- [Work required]: For the entries below, repeat exactly each line starting with the one that contains "center: [-0.395, 0.033, 1.590]" and going on through the one that contains "1) small metal block (85,124,128,171)", and no others.
Start of Excerpted data
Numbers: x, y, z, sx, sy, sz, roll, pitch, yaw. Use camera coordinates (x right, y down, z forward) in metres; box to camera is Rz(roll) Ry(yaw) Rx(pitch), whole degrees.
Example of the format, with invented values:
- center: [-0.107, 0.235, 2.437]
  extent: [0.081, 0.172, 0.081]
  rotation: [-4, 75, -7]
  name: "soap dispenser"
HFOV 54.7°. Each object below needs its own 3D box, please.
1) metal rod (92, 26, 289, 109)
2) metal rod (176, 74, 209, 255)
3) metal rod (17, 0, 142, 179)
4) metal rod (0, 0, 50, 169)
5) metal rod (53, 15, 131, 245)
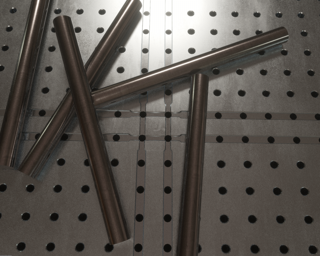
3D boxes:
- center: [0.045, -0.088, 0.444]
  extent: [0.302, 0.025, 0.025]
  rotation: [-20, 72, -8]
  name: "metal rod"
- center: [0.040, 0.069, 0.386]
  extent: [0.025, 0.025, 0.299]
  rotation: [6, 70, 2]
  name: "metal rod"
- center: [-0.103, -0.069, 0.435]
  extent: [0.025, 0.025, 0.300]
  rotation: [24, 71, 8]
  name: "metal rod"
- center: [-0.191, -0.091, 0.442]
  extent: [0.025, 0.025, 0.299]
  rotation: [3, 70, 0]
  name: "metal rod"
- center: [-0.090, -0.007, 0.393]
  extent: [0.025, 0.025, 0.299]
  rotation: [-16, 78, -6]
  name: "metal rod"
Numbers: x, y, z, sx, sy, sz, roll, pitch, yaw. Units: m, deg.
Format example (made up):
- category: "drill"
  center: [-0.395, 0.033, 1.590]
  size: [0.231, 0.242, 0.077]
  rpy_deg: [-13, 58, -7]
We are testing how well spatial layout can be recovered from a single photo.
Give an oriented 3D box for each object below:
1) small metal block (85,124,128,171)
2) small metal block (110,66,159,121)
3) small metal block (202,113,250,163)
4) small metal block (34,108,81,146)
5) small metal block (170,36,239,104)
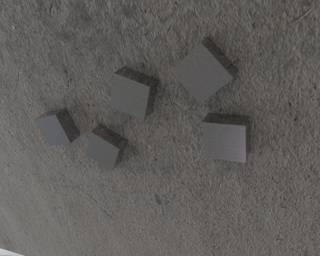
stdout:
End of Excerpted data
- [Completed task]:
  center: [-0.395, 0.033, 1.590]
  size: [0.231, 0.242, 0.077]
  rpy_deg: [-13, 58, -7]
We are testing how well spatial layout can be recovered from a single photo.
Give an oriented 3D box for each object below:
1) small metal block (85,124,128,171)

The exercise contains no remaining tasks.